# 30.4: Enforcing Boundary Conditions

- Page ID
- 32863

By enforcing boundary conditions, such as those depicted in the system below, [K] becomes invertible (non-singular) and we can solve for the reaction force F_{1} and the unknown displacements u_{2} and u_{3}, for known (applied) F_{2} and F_{3}.

\[ [K] =

\begin{bmatrix}

k^1 + k^2 & -k^2\\

-k^2 & k^2

\end{bmatrix}

=

\begin{bmatrix}

a & b\\

c & d

\end{bmatrix} \]

\[ det[K] = ad - cb \]

\[ det[K] = (k^1 + k^2)k^2 - {k^2}^2 = k^1k^2 \neq 0 \]

Unique solutions for \(F_1\), \(\begin{Bmatrix}u_2\end{Bmatrix}\) and \(\begin{Bmatrix}u_3\end{Bmatrix}\) can now be found

\[ k^1u_2 = F_1\]

\[ (k^1+k^2)u_2 - k^2u_3 = F_2 = k^1u_2 + k^2u_2 - k^2u_3 \]

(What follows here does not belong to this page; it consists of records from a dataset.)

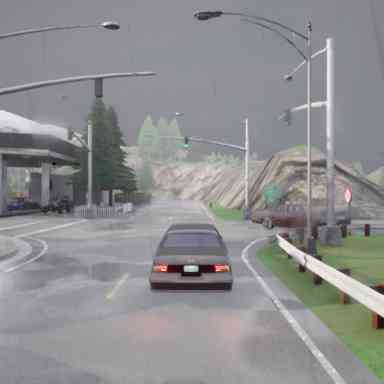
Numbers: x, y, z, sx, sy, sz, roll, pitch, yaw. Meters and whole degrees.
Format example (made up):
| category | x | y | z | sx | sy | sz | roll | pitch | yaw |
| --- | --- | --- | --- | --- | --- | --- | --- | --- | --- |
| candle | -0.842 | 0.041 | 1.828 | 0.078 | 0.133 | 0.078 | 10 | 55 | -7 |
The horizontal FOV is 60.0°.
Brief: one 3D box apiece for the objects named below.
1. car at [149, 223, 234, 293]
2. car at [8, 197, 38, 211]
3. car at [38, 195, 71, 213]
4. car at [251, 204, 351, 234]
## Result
| category | x | y | z | sx | sy | sz | roll | pitch | yaw |
| --- | --- | --- | --- | --- | --- | --- | --- | --- | --- |
| car | 0.011 | 1.546 | 9.003 | 2.033 | 1.411 | 5.357 | 0 | 0 | 1 |
| car | -20.275 | 1.472 | 40.271 | 2.242 | 1.667 | 4.611 | 0 | 0 | -1 |
| car | -14.564 | 1.306 | 35.999 | 1.905 | 1.878 | 3.866 | 0 | 0 | -1 |
| car | 5.713 | 1.364 | 18.025 | 2.033 | 1.411 | 5.357 | -1 | 0 | -39 |
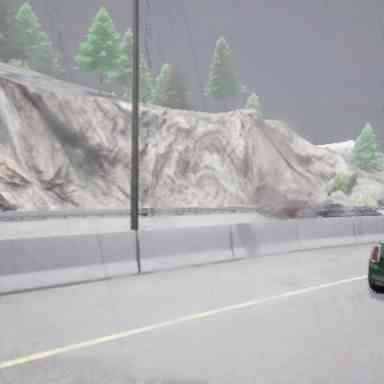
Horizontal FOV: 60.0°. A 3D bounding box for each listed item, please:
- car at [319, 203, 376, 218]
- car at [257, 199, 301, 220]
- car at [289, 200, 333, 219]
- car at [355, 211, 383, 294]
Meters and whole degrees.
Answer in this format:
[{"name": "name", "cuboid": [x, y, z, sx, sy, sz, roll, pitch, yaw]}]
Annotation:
[{"name": "car", "cuboid": [11.035, 1.637, 22.517, 4.181, 1.385, 1.994, 0, 0, -27]}, {"name": "car", "cuboid": [8.409, 1.414, 29.018, 4.553, 1.767, 2.097, 0, 0, -26]}, {"name": "car", "cuboid": [10.322, 1.576, 26.082, 4.892, 1.490, 1.837, 0, 0, -26]}, {"name": "car", "cuboid": [6.101, 1.389, 7.545, 4.553, 1.767, 2.097, 0, 0, -32]}]
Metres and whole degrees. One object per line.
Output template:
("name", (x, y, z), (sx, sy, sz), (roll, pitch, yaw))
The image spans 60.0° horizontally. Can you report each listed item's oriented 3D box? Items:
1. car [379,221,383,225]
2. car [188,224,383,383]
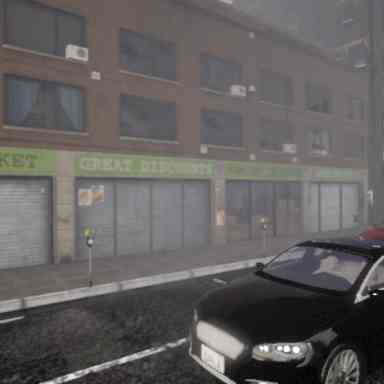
("car", (7.856, 1.554, 12.168), (4.507, 1.381, 1.887), (0, 0, -35))
("car", (2.212, 1.494, 4.942), (4.902, 1.511, 2.128), (0, 0, -35))
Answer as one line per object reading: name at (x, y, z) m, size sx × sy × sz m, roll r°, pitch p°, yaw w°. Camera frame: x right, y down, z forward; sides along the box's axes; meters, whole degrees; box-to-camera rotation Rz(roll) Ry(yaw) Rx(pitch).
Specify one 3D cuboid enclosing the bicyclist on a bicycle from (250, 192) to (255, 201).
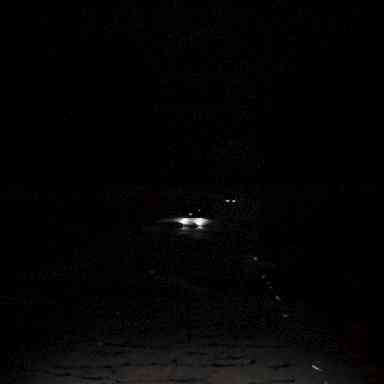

\[ -k^2u_2 + k^2u_3 = F_3 \]

In this instance we solved three equations for three unknowns. In problems of practical interest the order of \([K]\) is often very large and we can have thousands of unknowns. It then becomes impractical to solve for \(\begin{Bmatrix}u\end{Bmatrix}\) by direct inversion of the global stiffness matrix. We can instead use Gauss elimination which is much more suitable for solving systems of linear equations with thousands of unknowns.

## Gauss Elimination

We have a system of equations

\[x - 3y + z = 4\]

\[2x - 8y + 8z = -2\]

\[-6x + 3y -15z = 9\]

We wish to create a matrix of the following form

\[\begin{bmatrix}1 & -3 & 1 & 4 \\ 2 & -8 & 8 & -2 \\ -6 & 3 & -15 & 9 \end{bmatrix}\]

\[\begin{bmatrix}11 & 12 & 13 & 1 \\ 0 & 22 & 23 & 2 \\ 0 & 0 & 33 & 3 \end{bmatrix}\]

Where the terms below the direct terms are zero. We need to eliminate some of the unknowns by solving the system of simultaneous equations. To eliminate x from row 2 (where R denotes the row)

-2(R1) + R2

\[ -2(x -3y +z) + (2x - 8y + 8z) = -10 \]

\[ -2y + 6z = -10 \]

so that

\[\begin{bmatrix}1 & -3 & 1 & 4 \\ 0 & -2 & 6 & -10 \\ -6 & 3 & -15 & 9 \end{bmatrix}\]

To eliminate x from row 3

6(R1) + R3

\[ 6(x -3y +z) + (-6x - 3y - 15z) = 33 \]

\[ -15y - 9z = 33\]

\[\begin{bmatrix}1 & -3 & 1 & 4 \\ 0 & -2 & 6 & -10 \\ 0 & -15 & -9 & 33 \end{bmatrix}\]

To eliminate y from row 2

R2/2

\[ -y + 3z = -5\]

\[\begin{bmatrix}1 & -3 & 1 & 4 \\ 0 & -1 & 3 & -5 \\ 0 & -15 & -9 & 33 \end{bmatrix}\]

To eliminate y from row 3

R3/3

\[-5y - 3z = -11\]

\[\begin{bmatrix}1 & -3 & 1 & 4 \\ 0 & -1 & 3 & -5 \\ 0 & -5 & -3 & 11 \end{bmatrix}\]

And then

-5(R2) + R3

\[ -5(-y +3z) + (-5y - 3z) = 36 \]

\[-18z = 36\]

\[\begin{bmatrix}1 & -3 & 1 & 4 \\ 0 & -1 & 3 & -5 \\ 0 & 0 & -18 & 36 \end{bmatrix}\]

\[-2 = z\]

Substituting z = -2 back in to R2 gives y = -1

Substituting y = -1 and z = -2 back in to R1 gives *x* = 3

This process of progressively solving for the unknowns is called ** back substitution**.